John– We all need to plan carefully and promote business opportunities that fit the scale of this disease and the capability that each individual business has. Large gatherings are off the table for the foreseeable future, but new, smarter, intimate options can be developed. The use of more public realm outdoor space should be part of what both cities prioritize. In WEHO, we’re looking at a large expansion of the use of sidewalks and streets and eventually the parks to allow for a summer of fresh air and sunshine (moonshine, too!). And, most people are learning how to be in the public realm and safe at the same time. Some are protesting the ‘new normal’ but most understand that this is a long term temporary adjustment. And, from someone who has had COVID-19, I suggest you do all you can to avoid it.
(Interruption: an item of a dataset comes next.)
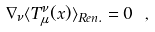Convert formula to latex. <formula><loc_0><loc_0><loc_500><loc_500>\nabla _ { \nu } \langle T _ { \mu } ^ { \nu } ( x ) \rangle _ { R e n . } = 0 \ ,</formula>

Waide– NoHo and WeHo are meccas for the arts and artists. Both are strongly connected by public transportation. WeHo boasts the best in designer showrooms, rock & roll and dance venues & the Historic Boy’s Town. NoHo is one square mile of 22 live theaters; the most theaters outside of New York City, the Academy of Television Arts & Sciences and the Historic Federal Tavern and El Portal Theatre. Is there any discussion or conversation to make each other ‘Sister Cities?’
What do you think of that?
John– WEHO is a city and NOHO is a part of Los Angeles, which is our sister city that surrounds us on three sides. The continued working together of L.A., and BH, and WEHO, will certainly continue. And, finding more and more ways to involve people in our culture making adventures is always on the table. The ‘big event’ landscape in WEHO is empty for this year, as you mentioned above… so, that might mean that 2 or 3 regular trips to WEHO for many are off the table. The same must be true for the indoor theaters in NOHO. So, we’re all going to have to invent new ways of attracting visitors, even for 2-3 hours, to our cities that gives them a sense of the cultural community we are all so fond of.
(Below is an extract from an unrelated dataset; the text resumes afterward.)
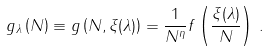Convert formula to latex. <formula><loc_0><loc_0><loc_500><loc_500>g _ { \lambda } \left ( N \right ) \equiv g \left ( N , \xi ( \lambda ) \right ) = \frac { 1 } { N ^ { \eta } } f \left ( \frac { \xi ( \lambda ) } { N } \right ) \, .</formula>

Waide– Thank you, John, for taking the time to answer these questions. And, I’m so glad you are feeling better and have fully recovered.
As of this writing, Los Angeles, along with many other parts of America, is under curfew. The country is reeling from the murder of George Floyd by Minneapolis police.
Looting, arson, demonstrations, protests, beatings, terrorizing, social unrest & social injustice will continue until we shut up and listen to those directly affected.